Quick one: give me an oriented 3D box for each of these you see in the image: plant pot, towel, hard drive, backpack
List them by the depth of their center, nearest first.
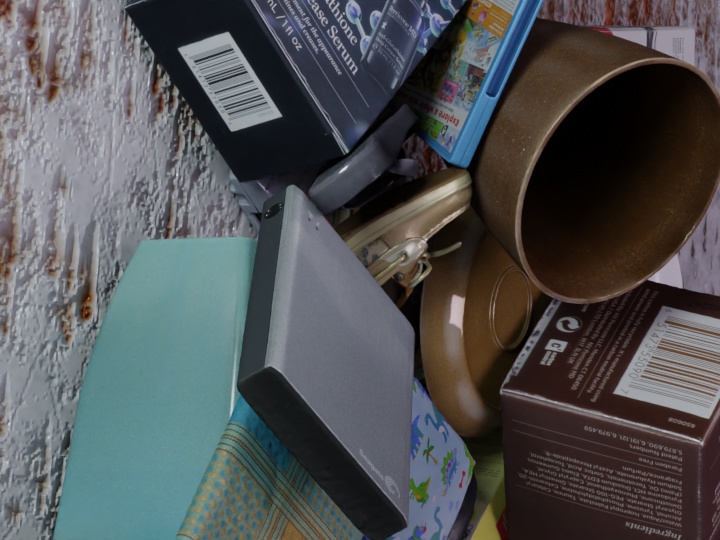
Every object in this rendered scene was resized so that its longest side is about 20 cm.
[{"bbox_3d":[-0.054,0.159,1.326,0.147,0.022,0.201,55,44,-35],"label":"towel"},{"bbox_3d":[-0.018,0.054,1.339,0.140,0.033,0.201,51,22,-25],"label":"hard drive"},{"bbox_3d":[-0.092,0.085,1.415,0.141,0.140,0.202,18,75,-55],"label":"plant pot"},{"bbox_3d":[0.001,0.146,1.572,0.200,0.153,0.164,49,59,-30],"label":"backpack"},{"bbox_3d":[0.130,-0.107,1.588,0.186,0.200,0.188,-19,128,-26],"label":"plant pot"},{"bbox_3d":[0.106,0.028,1.671,0.200,0.027,0.202,-15,108,-56],"label":"plant pot"}]

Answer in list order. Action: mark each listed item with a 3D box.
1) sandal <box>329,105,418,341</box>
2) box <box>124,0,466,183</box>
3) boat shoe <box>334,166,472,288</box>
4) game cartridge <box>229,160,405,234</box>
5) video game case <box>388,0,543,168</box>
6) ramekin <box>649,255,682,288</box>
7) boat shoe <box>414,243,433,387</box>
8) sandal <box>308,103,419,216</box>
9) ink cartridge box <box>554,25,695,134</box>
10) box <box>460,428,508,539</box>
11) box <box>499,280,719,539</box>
[{"bbox_3d":[0.019,-0.030,1.583,0.080,0.054,0.202,-17,106,-55],"label":"sandal"},{"bbox_3d":[-0.037,-0.182,1.480,0.149,0.107,0.200,56,46,-22],"label":"box"},{"bbox_3d":[0.000,0.000,1.519,0.063,0.199,0.073,55,4,-9],"label":"boat shoe"},{"bbox_3d":[-0.020,-0.049,1.603,0.200,0.041,0.134,58,43,-40],"label":"game cartridge"},{"bbox_3d":[0.085,-0.185,1.539,0.018,0.143,0.201,19,103,-26],"label":"video game case"},{"bbox_3d":[0.198,0.034,1.876,0.200,0.097,0.202,-6,97,-56],"label":"ramekin"},{"bbox_3d":[0.078,0.010,1.738,0.076,0.071,0.200,51,46,-13],"label":"boat shoe"},{"bbox_3d":[0.005,-0.063,1.464,0.043,0.076,0.200,51,17,-6],"label":"sandal"},{"bbox_3d":[0.166,-0.156,1.774,0.199,0.143,0.084,-11,102,-55],"label":"ink cartridge box"},{"bbox_3d":[0.080,0.194,1.732,0.201,0.075,0.050,-59,138,-37],"label":"box"},{"bbox_3d":[0.214,0.134,1.698,0.166,0.163,0.201,-53,148,-44],"label":"box"}]
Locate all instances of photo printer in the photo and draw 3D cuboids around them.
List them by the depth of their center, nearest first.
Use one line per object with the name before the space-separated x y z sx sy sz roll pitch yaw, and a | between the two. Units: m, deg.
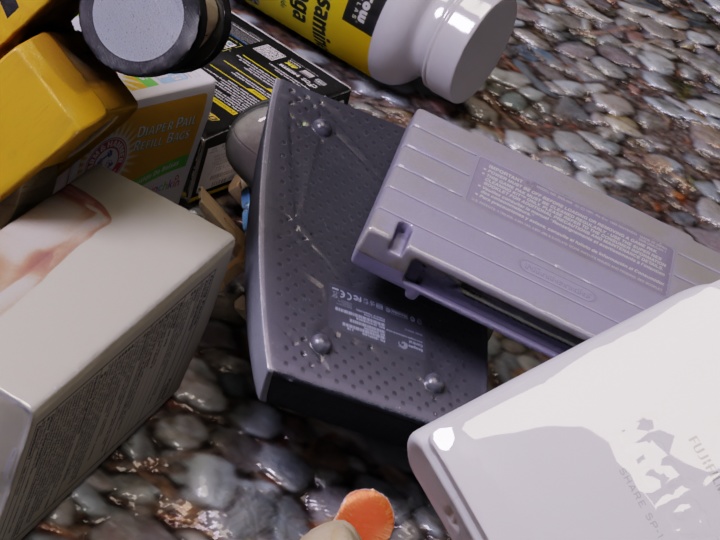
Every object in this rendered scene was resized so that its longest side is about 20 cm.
photo printer | 0.145 0.104 0.931 0.199 0.070 0.167 -25 74 -14

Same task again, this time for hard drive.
hard drive | 0.000 0.000 1.048 0.134 0.042 0.201 20 45 -22

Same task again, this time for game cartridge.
game cartridge | 0.101 -0.003 1.044 0.199 0.039 0.130 26 32 -2

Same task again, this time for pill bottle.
pill bottle | 0.006 -0.203 1.427 0.199 0.113 0.112 32 31 18

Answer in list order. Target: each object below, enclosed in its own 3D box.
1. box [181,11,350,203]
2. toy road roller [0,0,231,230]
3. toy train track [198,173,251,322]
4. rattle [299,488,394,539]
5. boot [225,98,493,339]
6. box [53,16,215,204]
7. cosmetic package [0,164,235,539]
box | -0.128 -0.129 1.280 0.199 0.050 0.159 34 33 22
toy road roller | -0.166 -0.120 0.973 0.146 0.200 0.123 49 7 -2
toy train track | -0.064 -0.008 1.131 0.115 0.032 0.200 49 12 -21
rattle | -0.030 0.175 0.867 0.130 0.143 0.200 46 4 -23
boot | -0.004 -0.008 1.117 0.199 0.068 0.131 39 29 -2
box | -0.197 -0.105 1.141 0.199 0.102 0.112 36 31 23
cosmetic package | -0.148 0.040 0.936 0.087 0.104 0.200 28 29 10
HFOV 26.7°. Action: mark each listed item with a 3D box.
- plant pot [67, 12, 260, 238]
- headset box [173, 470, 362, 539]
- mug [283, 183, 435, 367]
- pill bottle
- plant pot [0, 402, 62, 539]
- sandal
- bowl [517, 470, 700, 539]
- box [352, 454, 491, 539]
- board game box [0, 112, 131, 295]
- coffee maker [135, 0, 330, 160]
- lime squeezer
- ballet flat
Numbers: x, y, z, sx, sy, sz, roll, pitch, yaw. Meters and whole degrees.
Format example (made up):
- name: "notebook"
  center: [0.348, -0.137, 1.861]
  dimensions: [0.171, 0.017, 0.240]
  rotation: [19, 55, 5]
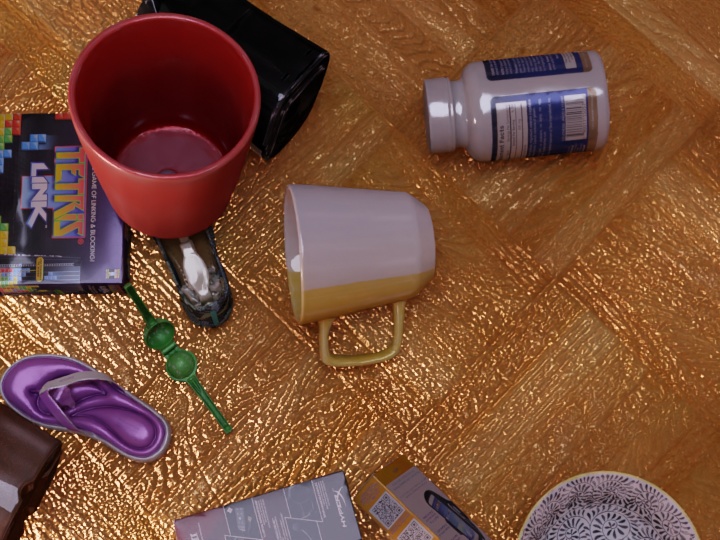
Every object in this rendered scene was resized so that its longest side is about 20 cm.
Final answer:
- name: "plant pot"
  center: [-0.203, -0.136, 1.595]
  dimensions: [0.197, 0.178, 0.203]
  rotation: [2, 62, -4]
- name: "headset box"
  center: [-0.100, 0.276, 1.558]
  dimensions: [0.197, 0.149, 0.078]
  rotation: [-15, 75, -2]
- name: "mug"
  center: [-0.001, -0.010, 1.656]
  dimensions: [0.151, 0.188, 0.150]
  rotation: [-5, 42, -9]
- name: "pill bottle"
  center: [0.171, -0.181, 1.692]
  dimensions: [0.197, 0.111, 0.113]
  rotation: [-5, 75, -1]
- name: "plant pot"
  center: [-0.428, 0.202, 1.569]
  dimensions: [0.197, 0.200, 0.202]
  rotation: [28, 77, 0]
- name: "sandal"
  center: [-0.298, 0.142, 1.646]
  dimensions: [0.200, 0.050, 0.083]
  rotation: [20, 76, 6]
- name: "bowl"
  center: [0.249, 0.315, 1.568]
  dimensions: [0.198, 0.094, 0.204]
  rotation: [1, 74, -4]
- name: "box"
  center: [0.089, 0.281, 1.568]
  dimensions: [0.200, 0.119, 0.042]
  rotation: [45, 104, 11]
- name: "board game box"
  center: [-0.340, -0.075, 1.700]
  dimensions: [0.163, 0.057, 0.203]
  rotation: [-2, 75, 1]
- name: "coffee maker"
  center: [-0.146, -0.238, 1.669]
  dimensions: [0.199, 0.192, 0.135]
  rotation: [33, 78, 9]
- name: "lime squeezer"
  center: [-0.200, 0.089, 1.654]
  dimensions: [0.038, 0.070, 0.201]
  rotation: [-40, 108, -25]
- name: "ballet flat"
  center: [-0.193, -0.034, 1.682]
  dimensions: [0.074, 0.074, 0.202]
  rotation: [-26, 76, -6]

§

Each record above must be retyped exactly. Omit the pictures.

• Reply
Quick one: give me an oriented 3D box for each of these you see in the image: plant pot, towel, hard drive, backpack
List them by the depth of their center, nearest first.
Every object in this rendered scene was resized so that its longest side is about 20 cm.
[{"bbox_3d":[-0.054,0.159,1.326,0.147,0.022,0.201,55,44,-35],"label":"towel"},{"bbox_3d":[-0.018,0.054,1.339,0.140,0.033,0.201,51,22,-25],"label":"hard drive"},{"bbox_3d":[-0.092,0.085,1.415,0.141,0.140,0.202,18,75,-55],"label":"plant pot"},{"bbox_3d":[0.001,0.146,1.572,0.200,0.153,0.164,49,59,-30],"label":"backpack"},{"bbox_3d":[0.130,-0.107,1.588,0.186,0.200,0.188,-19,128,-26],"label":"plant pot"},{"bbox_3d":[0.106,0.028,1.671,0.200,0.027,0.202,-15,108,-56],"label":"plant pot"}]

Answer in list order. Action: mark each listed item with a 3D box.
1) sandal <box>329,105,418,341</box>
2) box <box>124,0,466,183</box>
3) boat shoe <box>334,166,472,288</box>
4) game cartridge <box>229,160,405,234</box>
5) video game case <box>388,0,543,168</box>
6) ramekin <box>649,255,682,288</box>
7) boat shoe <box>414,243,433,387</box>
8) sandal <box>308,103,419,216</box>
9) ink cartridge box <box>554,25,695,134</box>
10) box <box>460,428,508,539</box>
11) box <box>499,280,719,539</box>
[{"bbox_3d":[0.019,-0.030,1.583,0.080,0.054,0.202,-17,106,-55],"label":"sandal"},{"bbox_3d":[-0.037,-0.182,1.480,0.149,0.107,0.200,56,46,-22],"label":"box"},{"bbox_3d":[0.000,0.000,1.519,0.063,0.199,0.073,55,4,-9],"label":"boat shoe"},{"bbox_3d":[-0.020,-0.049,1.603,0.200,0.041,0.134,58,43,-40],"label":"game cartridge"},{"bbox_3d":[0.085,-0.185,1.539,0.018,0.143,0.201,19,103,-26],"label":"video game case"},{"bbox_3d":[0.198,0.034,1.876,0.200,0.097,0.202,-6,97,-56],"label":"ramekin"},{"bbox_3d":[0.078,0.010,1.738,0.076,0.071,0.200,51,46,-13],"label":"boat shoe"},{"bbox_3d":[0.005,-0.063,1.464,0.043,0.076,0.200,51,17,-6],"label":"sandal"},{"bbox_3d":[0.166,-0.156,1.774,0.199,0.143,0.084,-11,102,-55],"label":"ink cartridge box"},{"bbox_3d":[0.080,0.194,1.732,0.201,0.075,0.050,-59,138,-37],"label":"box"},{"bbox_3d":[0.214,0.134,1.698,0.166,0.163,0.201,-53,148,-44],"label":"box"}]
Locate all instances of photo printer in the photo and draw 3D cuboids around them.
List them by the depth of their center, nearest first.
Use one line per object with the name before the space-separated x y z sx sy sz roll pitch yaw, and a | between the two. Units: m, deg.
Every object in this rendered scene was resized so that its longest side is about 20 cm.
photo printer | 0.145 0.104 0.931 0.199 0.070 0.167 -25 74 -14

Same task again, this time for hard drive.
hard drive | 0.000 0.000 1.048 0.134 0.042 0.201 20 45 -22

Same task again, this time for game cartridge.
game cartridge | 0.101 -0.003 1.044 0.199 0.039 0.130 26 32 -2

Same task again, this time for pill bottle.
pill bottle | 0.006 -0.203 1.427 0.199 0.113 0.112 32 31 18

Answer in list order. Target: each object below, enclosed in its own 3D box.
1. box [181,11,350,203]
2. toy road roller [0,0,231,230]
3. toy train track [198,173,251,322]
4. rattle [299,488,394,539]
5. boot [225,98,493,339]
6. box [53,16,215,204]
7. cosmetic package [0,164,235,539]
box | -0.128 -0.129 1.280 0.199 0.050 0.159 34 33 22
toy road roller | -0.166 -0.120 0.973 0.146 0.200 0.123 49 7 -2
toy train track | -0.064 -0.008 1.131 0.115 0.032 0.200 49 12 -21
rattle | -0.030 0.175 0.867 0.130 0.143 0.200 46 4 -23
boot | -0.004 -0.008 1.117 0.199 0.068 0.131 39 29 -2
box | -0.197 -0.105 1.141 0.199 0.102 0.112 36 31 23
cosmetic package | -0.148 0.040 0.936 0.087 0.104 0.200 28 29 10
HFOV 26.7°. Action: mark each listed item with a 3D box.
- plant pot [67, 12, 260, 238]
- headset box [173, 470, 362, 539]
- mug [283, 183, 435, 367]
- pill bottle
- plant pot [0, 402, 62, 539]
- sandal
- bowl [517, 470, 700, 539]
- box [352, 454, 491, 539]
- board game box [0, 112, 131, 295]
- coffee maker [135, 0, 330, 160]
- lime squeezer
- ballet flat
Numbers: x, y, z, sx, sy, sz, roll, pitch, yaw. Meters and whole degrees.
Format example (made up):
- name: "notebook"
  center: [0.348, -0.137, 1.861]
  dimensions: [0.171, 0.017, 0.240]
  rotation: [19, 55, 5]
Every object in this rendered scene was resized so that its longest side is about 20 cm.
Final answer:
- name: "plant pot"
  center: [-0.203, -0.136, 1.595]
  dimensions: [0.197, 0.178, 0.203]
  rotation: [2, 62, -4]
- name: "headset box"
  center: [-0.100, 0.276, 1.558]
  dimensions: [0.197, 0.149, 0.078]
  rotation: [-15, 75, -2]
- name: "mug"
  center: [-0.001, -0.010, 1.656]
  dimensions: [0.151, 0.188, 0.150]
  rotation: [-5, 42, -9]
- name: "pill bottle"
  center: [0.171, -0.181, 1.692]
  dimensions: [0.197, 0.111, 0.113]
  rotation: [-5, 75, -1]
- name: "plant pot"
  center: [-0.428, 0.202, 1.569]
  dimensions: [0.197, 0.200, 0.202]
  rotation: [28, 77, 0]
- name: "sandal"
  center: [-0.298, 0.142, 1.646]
  dimensions: [0.200, 0.050, 0.083]
  rotation: [20, 76, 6]
- name: "bowl"
  center: [0.249, 0.315, 1.568]
  dimensions: [0.198, 0.094, 0.204]
  rotation: [1, 74, -4]
- name: "box"
  center: [0.089, 0.281, 1.568]
  dimensions: [0.200, 0.119, 0.042]
  rotation: [45, 104, 11]
- name: "board game box"
  center: [-0.340, -0.075, 1.700]
  dimensions: [0.163, 0.057, 0.203]
  rotation: [-2, 75, 1]
- name: "coffee maker"
  center: [-0.146, -0.238, 1.669]
  dimensions: [0.199, 0.192, 0.135]
  rotation: [33, 78, 9]
- name: "lime squeezer"
  center: [-0.200, 0.089, 1.654]
  dimensions: [0.038, 0.070, 0.201]
  rotation: [-40, 108, -25]
- name: "ballet flat"
  center: [-0.193, -0.034, 1.682]
  dimensions: [0.074, 0.074, 0.202]
  rotation: [-26, 76, -6]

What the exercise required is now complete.